The database, which belonged to the UK Independence party and contained the details of about 3,500 of its members from London and the southeast, was passed to the British National party by a disaffected member in return for about £500, sources say.
The BNP then canvassed many of the people on the UKIP list asking for funds to help fight its campaign in the run-up to June’s European elections. The BNP went on to claim two seats, including one for Griffin.
Last night the Information Commissioner’s Office (ICO), which oversees data protection, said it would investigate. Under the terms of the Data Protection Act, anyone who sells data without authorisation from the designated “data controller” is guilty of an offence, as is the person who obtains it.

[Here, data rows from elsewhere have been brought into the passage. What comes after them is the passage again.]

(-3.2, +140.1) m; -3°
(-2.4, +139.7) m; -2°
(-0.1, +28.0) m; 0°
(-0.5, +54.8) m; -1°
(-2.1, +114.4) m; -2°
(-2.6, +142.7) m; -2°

If prosecuted and found guilty, transgressors are liable to a fine of up to £5,000. The Ministry of Justice is consulting about whether to impose custodial sentences for future breaches.

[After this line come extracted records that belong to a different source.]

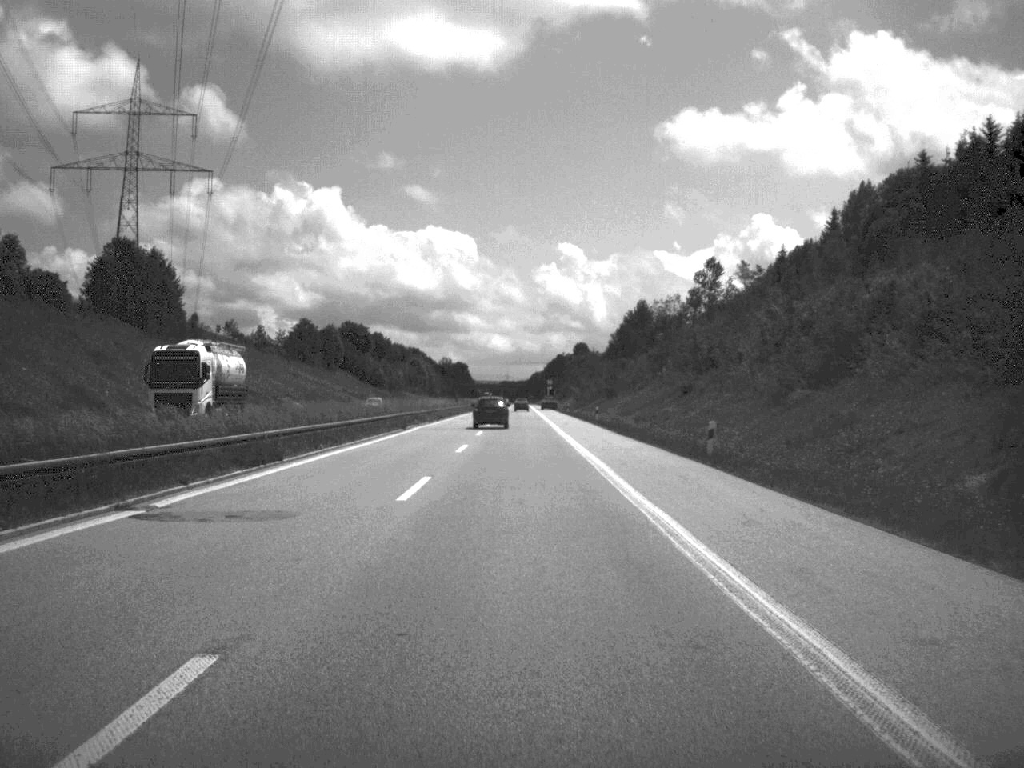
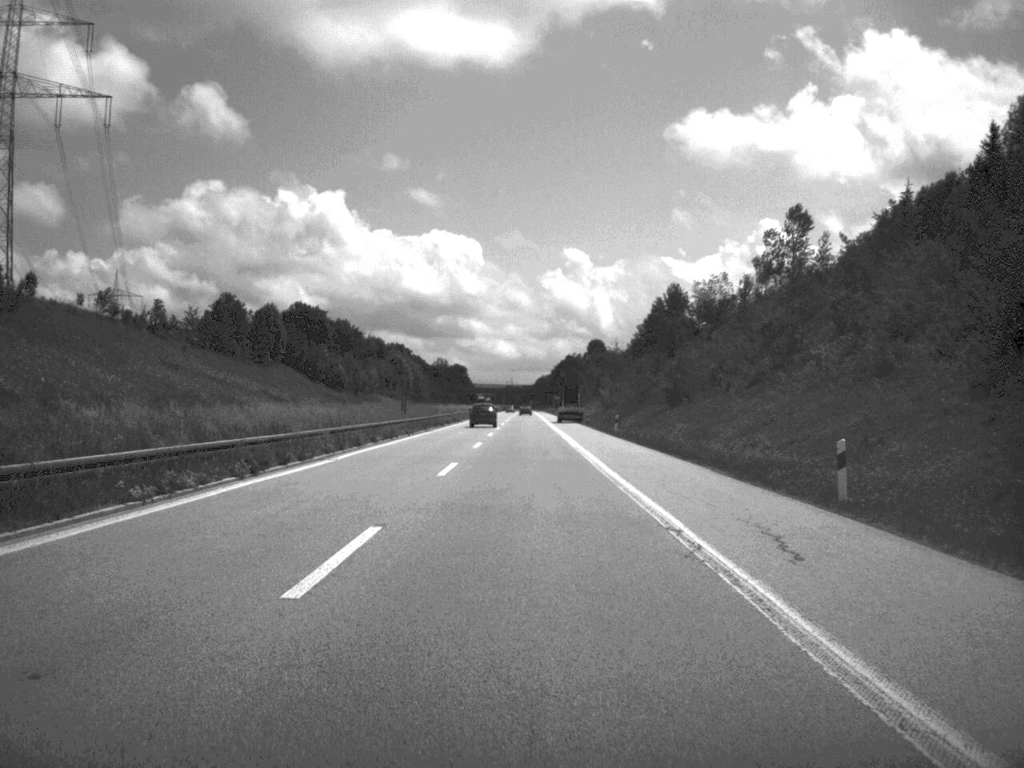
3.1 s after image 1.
(-0.3, +62.6) m; 0°
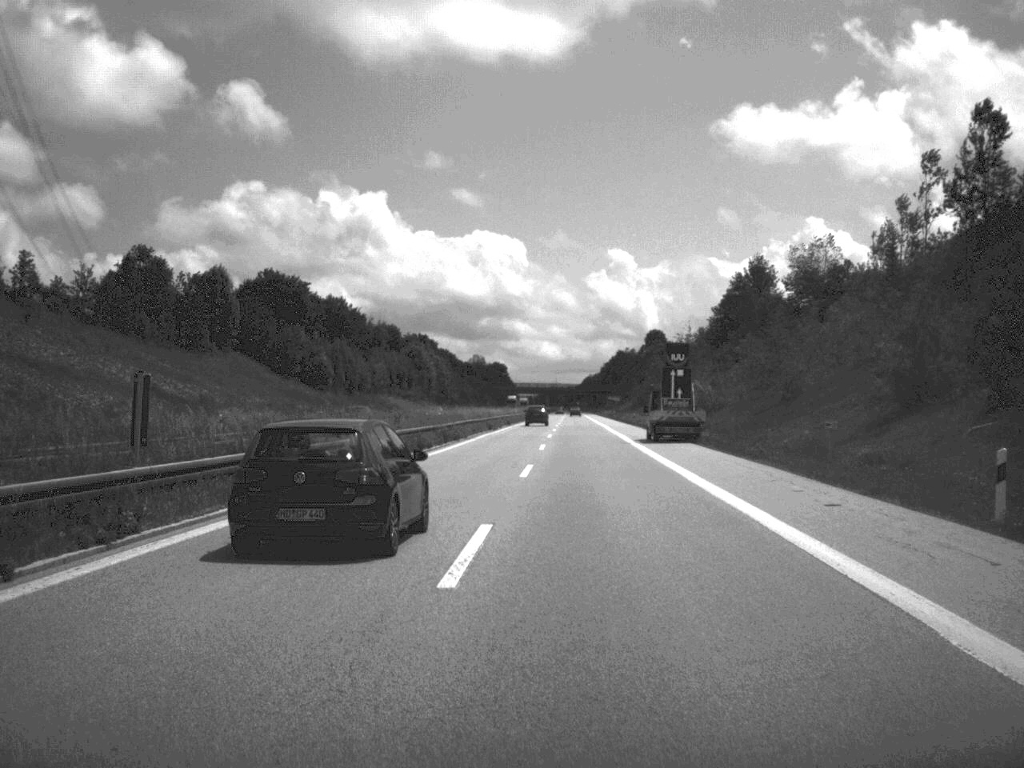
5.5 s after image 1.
(-0.8, +52.4) m; -2°
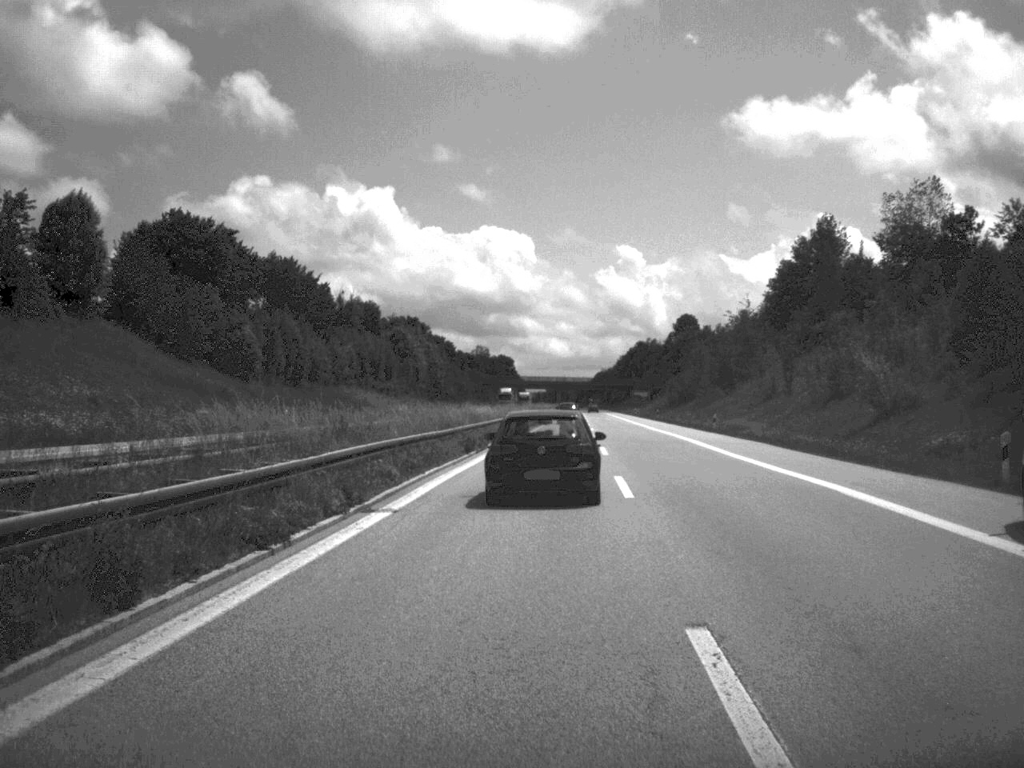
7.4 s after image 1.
(-0.4, +43.6) m; 0°
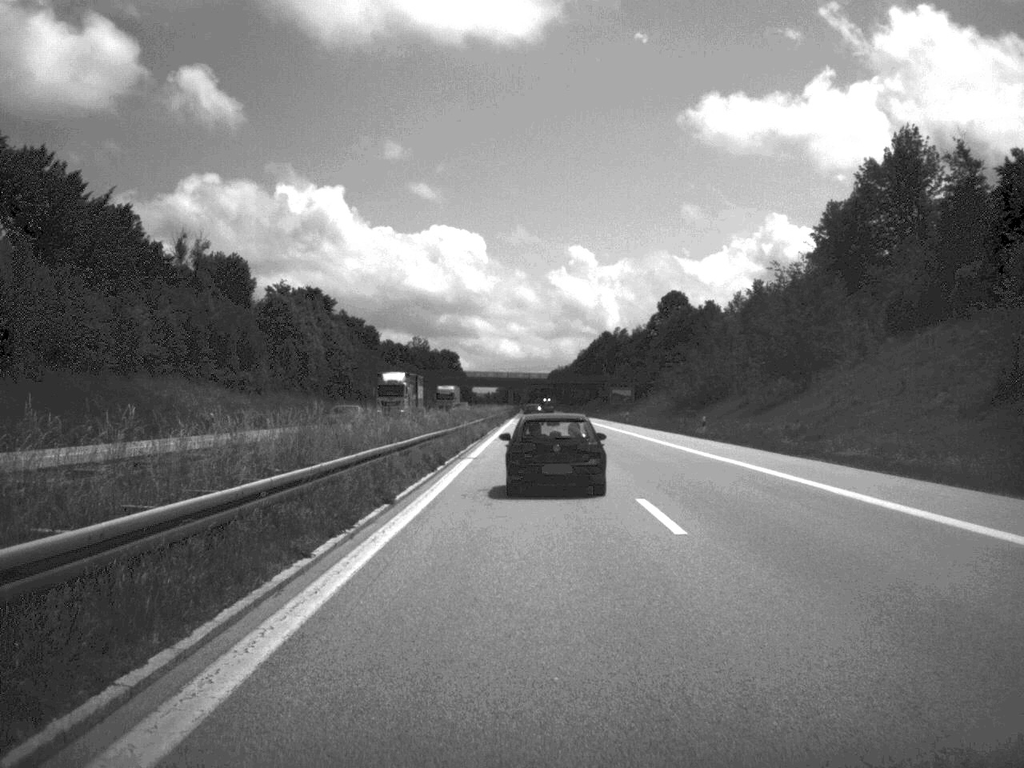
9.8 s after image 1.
(+1.3, +58.2) m; +2°
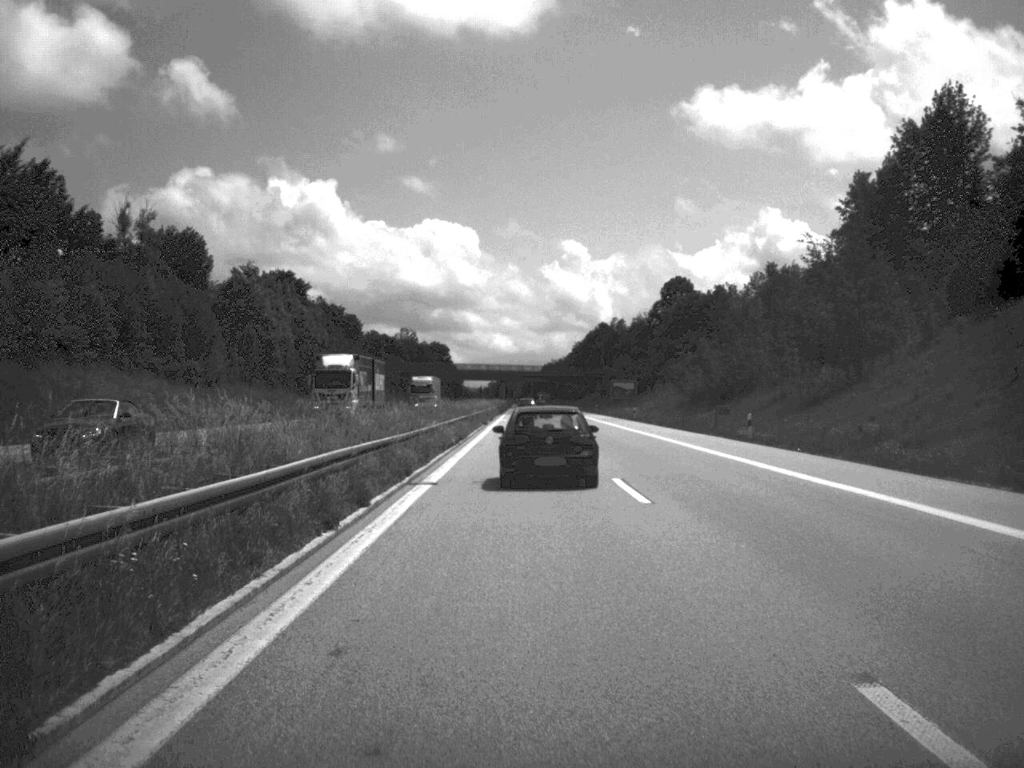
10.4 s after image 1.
(0.0, +14.5) m; 0°
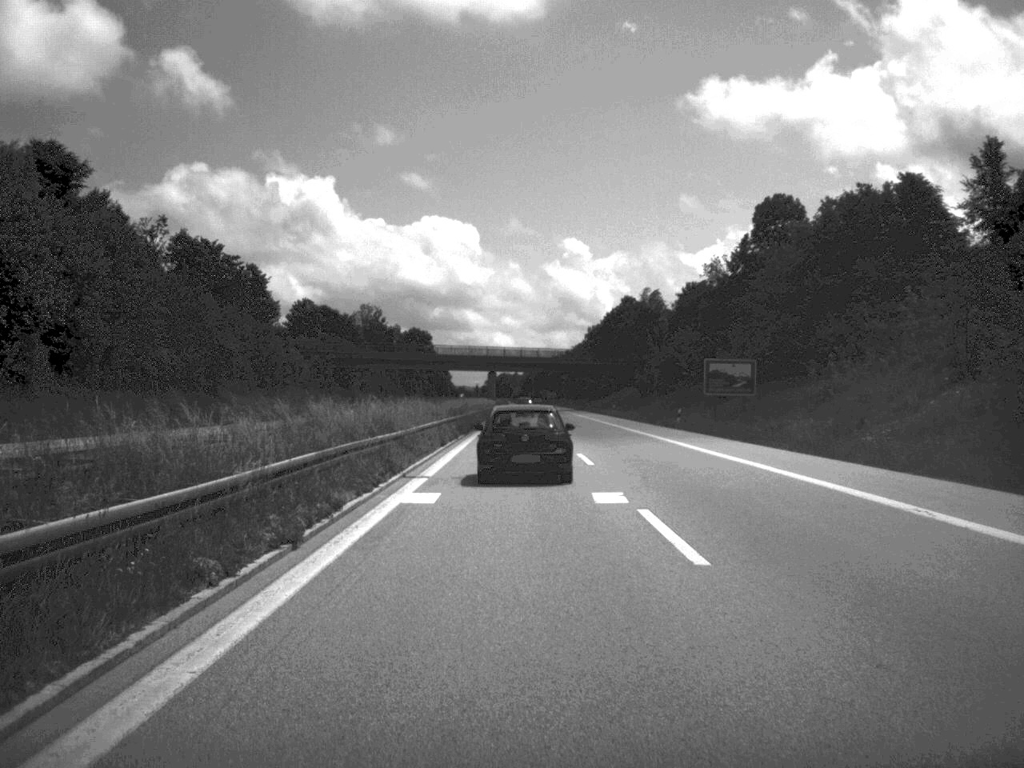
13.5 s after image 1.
(-0.2, +77.6) m; 0°

Griffin said yesterday that he had never personally paid for a UKIP membership list, although he conceded that some UKIP details had been passed to his party by former members.
He added: “To the best of my knowledge, no one in the party has paid for such a list.

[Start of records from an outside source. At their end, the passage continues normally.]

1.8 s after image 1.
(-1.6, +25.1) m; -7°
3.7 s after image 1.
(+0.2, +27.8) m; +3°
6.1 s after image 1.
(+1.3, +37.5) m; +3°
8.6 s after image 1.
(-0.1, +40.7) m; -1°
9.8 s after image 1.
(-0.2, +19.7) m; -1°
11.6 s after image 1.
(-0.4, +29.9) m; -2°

“Some UKIP members do join us and provide names and addresses of people who might be interested to hear from us. We have never had an entire UKIP membership list.”
Last week Griffin said the anonymous leaking on a website of his own party’s membership — the second time it has happened in the past 12 months — was part of a “concerted anti-BNP campaign”.
One of the names on the leaked UKIP database was Gerard Batten, an MEP for the party, who has previously complained to the ICO about the apparent data breach. Last night he said he was preparing a fresh complaint based on The Sunday Times’s evidence that the database had been bought and sold.
“We have long suspected the BNP had a [UKIP] membership list. Our members don’t want this stuff. The BNP do this based on the false belief they can take away some of our members,” he said.
Batten and others received unsolicited requests for donations from the BNP from 2008 until earlier this year. One sent in January appealed for funds for the BNP’s European election battle. It said: “If we can win one seat, the floodgates will open. One seat, just one, would put us on the world stage and would lead to an avalanche of popular support throughout this country.”
Last year Batten wrote to the ICO: “I suspect that my address and those of our UKIP London members were illegally accessed from a UKIP database.”
Now other sources, including from within the BNP, have confirmed that the database was obtained and exploited by the party. “Nick Griffin bought the database for surprisingly little, just a few hundred pounds,” said a source.
It is understood that the privacy watchdog wrote to the BNP warning it not to send Batten any more communications. But the source said the watchdog did not know the party also had the names and addresses of 3,500 other UKIP members.
An ICO spokesman said: “We are very concerned to hear that some UKIP members’ personal details have apparently been traded with the BNP. We will investigate this incident to establish the full facts.
“Buying or selling personal data is against the law, unless there is a public interest defence.”
Gerry Gable, publisher of the anti-fascist magazine Searchlight, said: “The BNP jump up and down when their own membership lists are leaked, but it now emerges they are procuring the details of members of another party in an underhand way.”